Clássico do centro de SP, restaurante Pasv fecha definitivamente as portas

Com as atividades suspensas devido ao coronavírus, casa se despede da cidade aos 50 anos

São Paulo

Desde 1970 na avenida São João, região central, o restaurante Pasv encerrou definitivamente as atividades —após o La Frontera também se despedir da clientela paulistana devido à pandemia do novo coronavírus.

"Eles já queriam fechar há algum tempo", conta Eduardo Vieira Castromil, filho de José Ares, um dos sócios do Pasv. "Com a quarentena, teriam que continuar a pagar os dez funcionários e gastar as economias, para voltar pior ainda", comenta. Irmãos, José e Ramon Ares, os atuais sócios da casa, têm 77 e 80 anos, respectivamente.

Homem passa em frente a fachada laranja e amarela de sobrado com cartaz branco escrito Pasv
Fachada do restaurante Pasv, na av. São João, centro de São Paulo, com portões fechados neste sábado (11) - Gustavo Simon/Folhapress

De fachada discreta e ambiente de boteco, o local era conhecido pelo menu em que clássicos da gastronomia espanhola, como puchero e paella, dividiam espaço com pratos brasileiros, a exemplo de churrasco, feijoadas e pê-efes. A cozinha simples, afetuosa, farta e de custo-benefício atraente rendeu à casa menções em colunas de Luiz Horta e André Barcinski nesta Folha.
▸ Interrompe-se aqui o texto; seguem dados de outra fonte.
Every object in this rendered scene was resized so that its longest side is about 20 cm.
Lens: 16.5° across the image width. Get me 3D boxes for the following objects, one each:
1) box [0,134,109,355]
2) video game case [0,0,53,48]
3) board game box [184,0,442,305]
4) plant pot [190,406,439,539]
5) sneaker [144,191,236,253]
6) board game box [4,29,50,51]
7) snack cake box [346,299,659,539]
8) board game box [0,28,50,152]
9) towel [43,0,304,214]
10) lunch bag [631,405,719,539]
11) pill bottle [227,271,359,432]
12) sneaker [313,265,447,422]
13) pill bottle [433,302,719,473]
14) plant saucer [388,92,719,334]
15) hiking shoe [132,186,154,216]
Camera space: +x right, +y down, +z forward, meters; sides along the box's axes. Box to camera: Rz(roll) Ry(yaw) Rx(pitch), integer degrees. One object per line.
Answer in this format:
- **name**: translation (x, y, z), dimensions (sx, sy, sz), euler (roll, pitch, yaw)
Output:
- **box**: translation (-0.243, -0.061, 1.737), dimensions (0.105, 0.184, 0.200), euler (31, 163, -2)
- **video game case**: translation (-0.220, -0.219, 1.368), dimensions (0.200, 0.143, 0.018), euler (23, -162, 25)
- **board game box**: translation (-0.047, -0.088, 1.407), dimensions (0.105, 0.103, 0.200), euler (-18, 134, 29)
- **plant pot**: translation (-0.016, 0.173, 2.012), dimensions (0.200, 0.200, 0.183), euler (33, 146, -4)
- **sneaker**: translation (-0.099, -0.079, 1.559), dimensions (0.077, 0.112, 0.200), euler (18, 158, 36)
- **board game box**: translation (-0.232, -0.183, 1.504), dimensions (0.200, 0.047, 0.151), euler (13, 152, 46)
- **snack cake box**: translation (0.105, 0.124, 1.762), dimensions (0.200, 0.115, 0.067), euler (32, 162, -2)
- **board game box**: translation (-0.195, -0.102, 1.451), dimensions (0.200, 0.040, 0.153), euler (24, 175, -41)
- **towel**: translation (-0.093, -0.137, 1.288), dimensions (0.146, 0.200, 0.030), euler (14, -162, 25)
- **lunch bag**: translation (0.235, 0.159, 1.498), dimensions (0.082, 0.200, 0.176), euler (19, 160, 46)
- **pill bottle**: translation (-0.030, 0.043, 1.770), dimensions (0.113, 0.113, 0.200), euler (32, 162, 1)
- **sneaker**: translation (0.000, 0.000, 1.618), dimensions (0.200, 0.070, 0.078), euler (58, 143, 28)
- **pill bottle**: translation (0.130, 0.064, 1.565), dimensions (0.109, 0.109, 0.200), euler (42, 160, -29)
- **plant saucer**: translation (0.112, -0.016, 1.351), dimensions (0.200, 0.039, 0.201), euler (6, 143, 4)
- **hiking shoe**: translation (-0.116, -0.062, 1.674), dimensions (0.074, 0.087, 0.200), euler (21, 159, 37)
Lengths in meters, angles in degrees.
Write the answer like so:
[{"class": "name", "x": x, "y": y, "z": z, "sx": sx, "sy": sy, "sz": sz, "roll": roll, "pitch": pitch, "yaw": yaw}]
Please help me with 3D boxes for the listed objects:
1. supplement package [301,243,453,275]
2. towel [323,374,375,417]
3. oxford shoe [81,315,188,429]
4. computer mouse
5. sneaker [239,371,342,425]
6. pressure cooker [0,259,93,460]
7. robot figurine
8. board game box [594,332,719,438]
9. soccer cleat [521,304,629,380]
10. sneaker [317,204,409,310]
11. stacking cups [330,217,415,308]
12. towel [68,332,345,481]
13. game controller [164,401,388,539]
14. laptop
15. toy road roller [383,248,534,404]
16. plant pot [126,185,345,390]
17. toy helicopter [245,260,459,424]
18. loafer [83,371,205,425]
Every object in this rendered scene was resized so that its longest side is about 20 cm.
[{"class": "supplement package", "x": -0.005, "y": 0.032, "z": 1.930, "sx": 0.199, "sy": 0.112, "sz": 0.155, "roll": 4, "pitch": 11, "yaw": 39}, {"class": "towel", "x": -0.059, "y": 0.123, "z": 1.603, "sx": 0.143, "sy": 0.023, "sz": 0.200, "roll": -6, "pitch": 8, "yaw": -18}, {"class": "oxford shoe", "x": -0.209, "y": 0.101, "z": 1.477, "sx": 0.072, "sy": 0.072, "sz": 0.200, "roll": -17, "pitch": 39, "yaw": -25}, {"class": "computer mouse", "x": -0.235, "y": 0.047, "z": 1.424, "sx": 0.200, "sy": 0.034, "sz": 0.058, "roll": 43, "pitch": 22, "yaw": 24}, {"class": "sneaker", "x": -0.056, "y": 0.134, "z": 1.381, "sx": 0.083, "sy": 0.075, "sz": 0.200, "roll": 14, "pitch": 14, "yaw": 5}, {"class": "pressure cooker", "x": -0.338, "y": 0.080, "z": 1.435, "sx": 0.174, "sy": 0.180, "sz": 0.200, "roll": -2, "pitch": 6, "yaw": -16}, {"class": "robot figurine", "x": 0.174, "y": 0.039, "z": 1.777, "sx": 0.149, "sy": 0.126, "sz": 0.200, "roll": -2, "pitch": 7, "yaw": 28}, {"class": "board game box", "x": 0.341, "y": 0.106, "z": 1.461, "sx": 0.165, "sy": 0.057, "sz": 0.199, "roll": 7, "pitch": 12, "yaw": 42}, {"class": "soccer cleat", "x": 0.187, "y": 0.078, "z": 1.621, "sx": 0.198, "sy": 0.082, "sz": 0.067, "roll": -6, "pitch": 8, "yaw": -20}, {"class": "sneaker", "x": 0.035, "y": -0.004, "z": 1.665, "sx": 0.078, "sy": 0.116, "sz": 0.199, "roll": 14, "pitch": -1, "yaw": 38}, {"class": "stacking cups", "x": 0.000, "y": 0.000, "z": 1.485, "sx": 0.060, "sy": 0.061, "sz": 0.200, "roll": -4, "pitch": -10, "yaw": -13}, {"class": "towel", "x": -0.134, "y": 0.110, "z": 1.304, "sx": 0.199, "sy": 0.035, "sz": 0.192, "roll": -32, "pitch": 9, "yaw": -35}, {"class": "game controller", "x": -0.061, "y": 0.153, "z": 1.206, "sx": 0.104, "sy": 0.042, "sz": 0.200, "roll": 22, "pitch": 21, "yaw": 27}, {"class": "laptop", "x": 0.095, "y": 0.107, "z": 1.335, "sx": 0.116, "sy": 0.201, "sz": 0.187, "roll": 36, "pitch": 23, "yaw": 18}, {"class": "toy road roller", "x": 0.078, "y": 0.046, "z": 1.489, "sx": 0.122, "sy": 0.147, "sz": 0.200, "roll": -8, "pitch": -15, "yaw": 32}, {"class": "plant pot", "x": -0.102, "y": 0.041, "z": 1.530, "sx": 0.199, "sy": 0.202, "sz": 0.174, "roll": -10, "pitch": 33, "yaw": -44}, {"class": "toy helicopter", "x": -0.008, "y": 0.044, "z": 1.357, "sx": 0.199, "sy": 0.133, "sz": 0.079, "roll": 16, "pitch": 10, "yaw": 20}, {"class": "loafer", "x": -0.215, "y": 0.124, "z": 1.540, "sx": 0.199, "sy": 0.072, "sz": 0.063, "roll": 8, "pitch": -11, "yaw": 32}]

A casa teve unidades na Lapa e em Pinheiros, em 1966, mas, ao chegar ao centro, manteve apenas endereço da avenida São João. Pasv é uma sigla com as iniciais dos nomes dos primeiros sócios: Perez, Ares, Salcines e Villaverde.

José Ares, o Pepe, um dos sócios do PASV, em foto no salão - Karime Xavier/Folhapress

BARES E RESTAURANTES NO CORONAVÍRUS

De portas fechadas como medida de combate à pandemia do novo coronavírus desde meados de março, bares e restaurantes da capital paulista lutam para sobreviver.

Enquanto muitas destas casas correram para adaptar o serviço da cozinha para oferecer delivery e retirada no local —também chamado de take away— outras optaram por manter as atividades suspensas até poderem abrir novamente o salão.

Por orientação do governador João Doria (PSDB), o prazo da quarentena obrigatória, que teve início em 24 de março, foi estendido até, pelo menos, o dia 22 de abril. Pelas regras da quarentena, só podem funcionar os serviços que sejam considerados essenciais para a população, como alimentação, abastecimento, saúde, bancos, limpeza e segurança.

O delivery é visto como uma forma de minimizar os impactos sofridos pelo setor, que emprega mais de 6 milhões de pessoas.

Enquanto aguardam ajuda federal ou o fim da quarentena, os estabelecimentos se viram como podem —e contam, principalmente, com a ajuda da clientela.

Muitos deles, por exemplo, estão vendendo vouchers para consumo pós-pandemia em sites de financiamento coletivo.

Eles também contam com iniciativas como o GGG (gggbrasil.org), o Menu do Amanhã (loja.gaspaindica.com.br) e o Apoie Um Restaurante (apoieumrestaurante.com.br).

São sites nos quais os comensais podem adquirir vouchers para consumo após a quarentena, mas funcionam como lojas: listam uma série de estabelecimentos, e cabe ao cliente escolher qual ajudar.

A diferença desses projetos para os sites de financiamento coletivo é que, nessas plataformas, o estabelecimento já recebe o dinheiro, sem a necessidade de aguardar o encerramento das campanhas. Sem cobranças de taxa nas transações, os empreendimentos recebem 100% do valor pago.

Uma dica é checar as redes sociais de seus restaurantes e bares favoritos para saber como ajudar.